DH: We are all commodities and I don’t think it’s necessarily just women. That was the game, you know? It outlived itself, didn’t it?
Do you feel more in control now that the music industry is shrinking rapidly and is pretty much crippled in comparison to the monolithic thing that it used to be?
DH: No. No. Not necessarily. I mean, commerce and art have always had difficulties co-existing from the very beginning. I’m sure there were problems back when they were building the pyramids. I feel, perhaps, under the same amount of pressure to write another ‘Heart Of Glass’. We’re more in control of the creative end, yes, but it’s not really fair for us because we’ve been around for a while and I think we have our thing figured out. And if we make a Blondie album we make a Blondie album. You know what that is. We’ve done our experimentation, basically. We’ve set up a framework that has a broad field of reference musically and we play with that. That is what our format is. The industry makes it hard to get a record out. It’s like that for everyone. I mean, how many big artists are there? There are 10 or 20 major artists out there now and those are the ones who have big record deals.
You’ve said that the Plastic Letters album was about death. I was wondering how you dealing with Chris’s illness in 1983 affected your view of your own mortality?
DH: I think that, up until that time, I had a lot of what you would call ‘childish ways’ and then the idea of taking complete responsibility for my life and not seeing it as just sheer fate or luck really hit home. Then, BAM! I knew death. I knew it right then. And I think everyone should know it. Everyone should know it, because we aren’t really taught that, are we? We’re not taught it and it’s the total truth.
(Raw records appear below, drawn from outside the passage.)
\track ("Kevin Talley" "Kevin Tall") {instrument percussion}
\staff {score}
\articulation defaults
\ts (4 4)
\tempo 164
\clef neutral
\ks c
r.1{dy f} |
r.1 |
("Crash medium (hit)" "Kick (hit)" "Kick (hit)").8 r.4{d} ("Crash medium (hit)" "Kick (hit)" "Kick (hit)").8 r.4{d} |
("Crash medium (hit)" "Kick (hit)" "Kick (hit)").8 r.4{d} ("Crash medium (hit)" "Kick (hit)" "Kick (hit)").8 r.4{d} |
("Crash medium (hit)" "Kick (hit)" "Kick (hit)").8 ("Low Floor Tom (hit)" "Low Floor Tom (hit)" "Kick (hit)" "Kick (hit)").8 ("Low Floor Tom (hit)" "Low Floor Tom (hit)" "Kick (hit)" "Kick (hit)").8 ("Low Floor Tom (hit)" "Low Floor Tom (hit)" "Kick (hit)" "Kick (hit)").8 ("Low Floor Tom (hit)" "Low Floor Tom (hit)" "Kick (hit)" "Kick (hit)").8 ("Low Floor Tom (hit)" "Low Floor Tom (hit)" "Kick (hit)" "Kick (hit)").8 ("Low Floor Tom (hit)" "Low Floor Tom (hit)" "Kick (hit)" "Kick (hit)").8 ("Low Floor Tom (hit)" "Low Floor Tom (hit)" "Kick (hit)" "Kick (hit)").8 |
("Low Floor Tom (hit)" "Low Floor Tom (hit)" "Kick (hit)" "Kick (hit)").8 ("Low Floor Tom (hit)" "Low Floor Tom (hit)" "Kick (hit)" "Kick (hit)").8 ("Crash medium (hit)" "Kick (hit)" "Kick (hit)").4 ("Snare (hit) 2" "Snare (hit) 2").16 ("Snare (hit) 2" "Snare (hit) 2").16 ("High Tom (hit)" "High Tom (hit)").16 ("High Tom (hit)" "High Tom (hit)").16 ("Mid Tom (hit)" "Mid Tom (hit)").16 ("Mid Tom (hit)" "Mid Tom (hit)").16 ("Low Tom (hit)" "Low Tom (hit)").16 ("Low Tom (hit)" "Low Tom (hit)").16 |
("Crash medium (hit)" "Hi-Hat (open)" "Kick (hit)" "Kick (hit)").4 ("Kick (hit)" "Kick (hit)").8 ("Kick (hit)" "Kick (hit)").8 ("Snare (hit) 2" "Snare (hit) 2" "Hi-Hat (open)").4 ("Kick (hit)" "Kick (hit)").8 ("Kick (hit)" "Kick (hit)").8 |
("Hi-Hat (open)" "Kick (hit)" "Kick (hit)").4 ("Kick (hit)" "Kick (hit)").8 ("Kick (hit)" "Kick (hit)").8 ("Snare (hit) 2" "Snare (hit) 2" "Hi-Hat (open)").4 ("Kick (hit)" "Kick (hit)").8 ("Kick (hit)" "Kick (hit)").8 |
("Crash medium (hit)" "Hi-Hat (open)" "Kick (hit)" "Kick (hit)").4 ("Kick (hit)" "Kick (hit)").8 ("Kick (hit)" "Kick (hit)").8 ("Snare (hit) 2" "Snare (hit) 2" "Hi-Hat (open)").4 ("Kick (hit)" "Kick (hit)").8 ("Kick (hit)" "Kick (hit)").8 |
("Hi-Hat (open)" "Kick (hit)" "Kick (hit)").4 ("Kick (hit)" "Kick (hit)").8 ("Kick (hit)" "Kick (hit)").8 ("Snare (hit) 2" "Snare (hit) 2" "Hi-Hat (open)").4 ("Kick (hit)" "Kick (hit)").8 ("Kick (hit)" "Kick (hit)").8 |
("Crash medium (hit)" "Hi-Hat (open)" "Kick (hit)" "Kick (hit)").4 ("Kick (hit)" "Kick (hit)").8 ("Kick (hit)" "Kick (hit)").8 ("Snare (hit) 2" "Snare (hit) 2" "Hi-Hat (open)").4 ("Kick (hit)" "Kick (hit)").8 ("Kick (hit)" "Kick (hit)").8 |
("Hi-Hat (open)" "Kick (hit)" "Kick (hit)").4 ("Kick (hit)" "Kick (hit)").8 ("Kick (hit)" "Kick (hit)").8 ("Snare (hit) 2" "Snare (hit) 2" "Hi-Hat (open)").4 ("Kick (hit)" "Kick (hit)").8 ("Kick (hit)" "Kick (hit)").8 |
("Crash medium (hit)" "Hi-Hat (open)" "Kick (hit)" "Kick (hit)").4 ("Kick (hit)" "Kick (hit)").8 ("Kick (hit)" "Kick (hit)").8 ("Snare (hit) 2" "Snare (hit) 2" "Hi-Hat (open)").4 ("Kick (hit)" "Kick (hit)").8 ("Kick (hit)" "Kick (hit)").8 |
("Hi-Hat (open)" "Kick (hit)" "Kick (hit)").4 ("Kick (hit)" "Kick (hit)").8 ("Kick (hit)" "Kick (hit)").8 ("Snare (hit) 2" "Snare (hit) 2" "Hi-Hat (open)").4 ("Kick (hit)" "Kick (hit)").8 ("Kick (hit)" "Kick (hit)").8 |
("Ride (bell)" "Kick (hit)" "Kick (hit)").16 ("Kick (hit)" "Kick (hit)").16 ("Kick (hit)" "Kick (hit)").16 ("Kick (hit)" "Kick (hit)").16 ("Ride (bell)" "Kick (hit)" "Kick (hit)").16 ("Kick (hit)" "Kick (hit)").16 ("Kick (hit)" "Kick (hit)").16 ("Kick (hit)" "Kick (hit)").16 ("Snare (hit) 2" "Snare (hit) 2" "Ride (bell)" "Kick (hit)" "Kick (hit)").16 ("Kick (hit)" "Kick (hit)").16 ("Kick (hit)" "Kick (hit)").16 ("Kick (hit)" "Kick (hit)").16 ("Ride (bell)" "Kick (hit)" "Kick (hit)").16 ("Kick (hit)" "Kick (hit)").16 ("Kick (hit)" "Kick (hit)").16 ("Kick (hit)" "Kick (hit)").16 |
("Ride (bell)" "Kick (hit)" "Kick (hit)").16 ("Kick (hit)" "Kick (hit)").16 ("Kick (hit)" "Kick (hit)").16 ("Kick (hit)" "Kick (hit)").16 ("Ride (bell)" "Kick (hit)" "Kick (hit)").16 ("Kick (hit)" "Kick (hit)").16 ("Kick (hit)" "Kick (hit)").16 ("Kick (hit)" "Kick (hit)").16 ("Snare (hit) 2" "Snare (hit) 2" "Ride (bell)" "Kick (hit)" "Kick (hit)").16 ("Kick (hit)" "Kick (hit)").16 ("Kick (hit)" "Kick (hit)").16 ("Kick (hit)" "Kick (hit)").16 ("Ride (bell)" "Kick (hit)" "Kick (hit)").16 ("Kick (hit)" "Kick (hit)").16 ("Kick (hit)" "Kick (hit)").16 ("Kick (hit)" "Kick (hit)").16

I don’t really want to talk about Chris getting ill today, but there are a few pictures of the last tour we did [in 1982] that I saw recently. I hadn’t really seen them for a long, long time and I was so shocked. He must have gone down to 120lbs. It was just… horrible.
I guess you must get asked this quite a lot, but I’m interested in knowing what you put the bond between you and Chris down to. Because it is a very strong bond that transcends physical relationships. It goes beyond that.
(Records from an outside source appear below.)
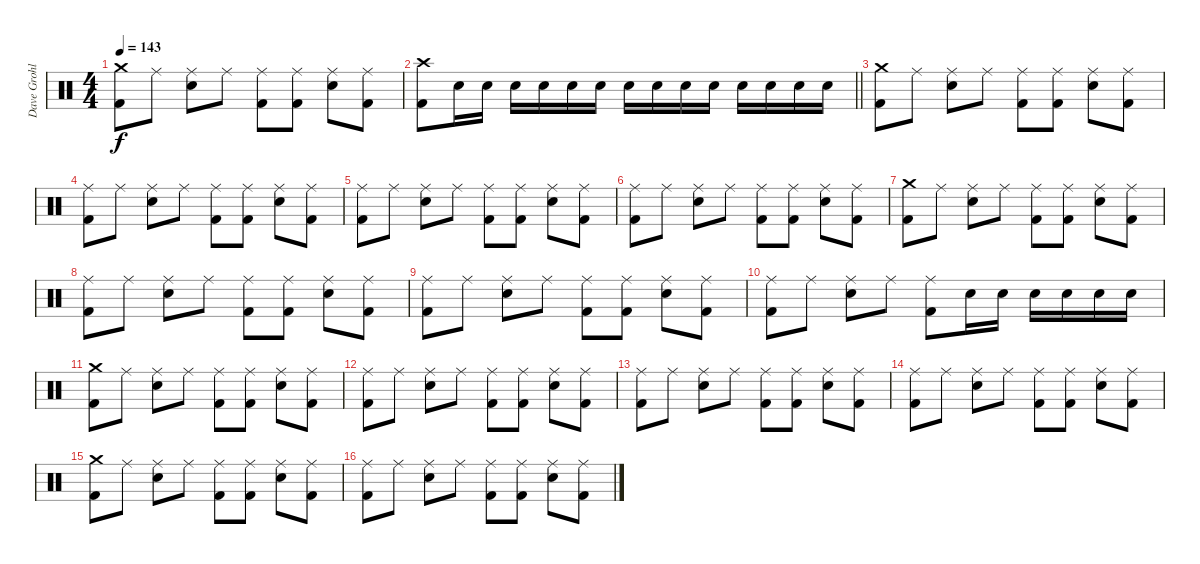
\track ("Dave Grohl" "Dave Grohl") {instrument percussion}
\staff {score}
\articulation defaults
\ts (4 4)
\tempo 143
\clef neutral
\ks c
("Crash medium (hit)" "Kick (hit) 2").8{dy f} "Ride (middle)".8 ("Ride (middle)" "Snare (hit) 2").8 "Ride (middle)".8 ("Ride (middle)" "Kick (hit) 2").8 ("Ride (middle)" "Kick (hit) 2").8 ("Ride (middle)" "Snare (hit) 2").8 ("Ride (middle)" "Kick (hit) 2").8 |
\barLineRight lightlight
("Crash high (hit)" "Kick (hit) 2").8 "Snare (hit) 2".16 "Snare (hit) 2".16 "Snare (hit) 2".16 "Snare (hit) 2".16 "Snare (hit) 2".16 "Snare (hit) 2".16 "Snare (hit) 2".16 "Snare (hit) 2".16 "Snare (hit) 2".16 "Snare (hit) 2".16 "Snare (hit) 2".16 "Snare (hit) 2".16 "Snare (hit) 2".16 "Snare (hit) 2".16 |
("Crash medium (hit)" "Kick (hit) 2").8 "Ride (middle)".8 ("Ride (middle)" "Snare (hit) 2").8 "Ride (middle)".8 ("Ride (middle)" "Kick (hit) 2").8 ("Ride (middle)" "Kick (hit) 2").8 ("Ride (middle)" "Snare (hit) 2").8 ("Ride (middle)" "Kick (hit) 2").8 |
("Ride (middle)" "Kick (hit) 2").8 "Ride (middle)".8 ("Ride (middle)" "Snare (hit) 2").8 "Ride (middle)".8 ("Ride (middle)" "Kick (hit) 2").8 ("Ride (middle)" "Kick (hit) 2").8 ("Ride (middle)" "Snare (hit) 2").8 ("Ride (middle)" "Kick (hit) 2").8 |
("Ride (middle)" "Kick (hit) 2").8 "Ride (middle)".8 ("Ride (middle)" "Snare (hit) 2").8 "Ride (middle)".8 ("Ride (middle)" "Kick (hit) 2").8 ("Ride (middle)" "Kick (hit) 2").8 ("Ride (middle)" "Snare (hit) 2").8 ("Ride (middle)" "Kick (hit) 2").8 |
("Ride (middle)" "Kick (hit) 2").8 "Ride (middle)".8 ("Ride (middle)" "Snare (hit) 2").8 "Ride (middle)".8 ("Ride (middle)" "Kick (hit) 2").8 ("Ride (middle)" "Kick (hit) 2").8 ("Ride (middle)" "Snare (hit) 2").8 ("Ride (middle)" "Kick (hit) 2").8 |
("Crash medium (hit)" "Kick (hit) 2").8 "Ride (middle)".8 ("Ride (middle)" "Snare (hit) 2").8 "Ride (middle)".8 ("Ride (middle)" "Kick (hit) 2").8 ("Ride (middle)" "Kick (hit) 2").8 ("Ride (middle)" "Snare (hit) 2").8 ("Ride (middle)" "Kick (hit) 2").8 |
("Ride (middle)" "Kick (hit) 2").8 "Ride (middle)".8 ("Ride (middle)" "Snare (hit) 2").8 "Ride (middle)".8 ("Ride (middle)" "Kick (hit) 2").8 ("Ride (middle)" "Kick (hit) 2").8 ("Ride (middle)" "Snare (hit) 2").8 ("Ride (middle)" "Kick (hit) 2").8 |
("Ride (middle)" "Kick (hit) 2").8 "Ride (middle)".8 ("Ride (middle)" "Snare (hit) 2").8 "Ride (middle)".8 ("Ride (middle)" "Kick (hit) 2").8 ("Ride (middle)" "Kick (hit) 2").8 ("Ride (middle)" "Snare (hit) 2").8 ("Ride (middle)" "Kick (hit) 2").8 |
("Ride (middle)" "Kick (hit) 2").8 "Ride (middle)".8 ("Ride (middle)" "Snare (hit) 2").8 "Ride (middle)".8 ("Ride (middle)" "Kick (hit) 2").8 "Snare (hit) 2".16 "Snare (hit) 2".16 "Snare (hit) 2".16 "Snare (hit) 2".16 "Snare (hit) 2".16 "Snare (hit) 2".16 |
("Crash medium (hit)" "Kick (hit) 2").8 "Ride (middle)".8 ("Ride (middle)" "Snare (hit) 2").8 "Ride (middle)".8 ("Ride (middle)" "Kick (hit) 2").8 ("Ride (middle)" "Kick (hit) 2").8 ("Ride (middle)" "Snare (hit) 2").8 ("Ride (middle)" "Kick (hit) 2").8 |
("Ride (middle)" "Kick (hit) 2").8 "Ride (middle)".8 ("Ride (middle)" "Snare (hit) 2").8 "Ride (middle)".8 ("Ride (middle)" "Kick (hit) 2").8 ("Ride (middle)" "Kick (hit) 2").8 ("Ride (middle)" "Snare (hit) 2").8 ("Ride (middle)" "Kick (hit) 2").8 |
("Ride (middle)" "Kick (hit) 2").8 "Ride (middle)".8 ("Ride (middle)" "Snare (hit) 2").8 "Ride (middle)".8 ("Ride (middle)" "Kick (hit) 2").8 ("Ride (middle)" "Kick (hit) 2").8 ("Ride (middle)" "Snare (hit) 2").8 ("Ride (middle)" "Kick (hit) 2").8 |
("Ride (middle)" "Kick (hit) 2").8 "Ride (middle)".8 ("Ride (middle)" "Snare (hit) 2").8 "Ride (middle)".8 ("Ride (middle)" "Kick (hit) 2").8 ("Ride (middle)" "Kick (hit) 2").8 ("Ride (middle)" "Snare (hit) 2").8 ("Ride (middle)" "Kick (hit) 2").8 |
("Crash medium (hit)" "Kick (hit) 2").8 "Ride (middle)".8 ("Ride (middle)" "Snare (hit) 2").8 "Ride (middle)".8 ("Ride (middle)" "Kick (hit) 2").8 ("Ride (middle)" "Kick (hit) 2").8 ("Ride (middle)" "Snare (hit) 2").8 ("Ride (middle)" "Kick (hit) 2").8 |
("Ride (middle)" "Kick (hit) 2").8 "Ride (middle)".8 ("Ride (middle)" "Snare (hit) 2").8 "Ride (middle)".8 ("Ride (middle)" "Kick (hit) 2").8 ("Ride (middle)" "Kick (hit) 2").8 ("Ride (middle)" "Snare (hit) 2").8 ("Ride (middle)" "Kick (hit) 2").8

DH: Yeah, it does. I think we just had a meeting of the minds…. Maybe it’s because we’ve both got such accepting natures and we have a lot of room for a lot of different kinds of people and different dispositions and things like that. We both have a temper, though.
What do you think would have happened if you had changed the band’s name to Adolf Hitler’s Dog?
DH: The label would have dropped us. I loved that name, though. It’s really funny, isn’t it? Do you want to help me finish this salad?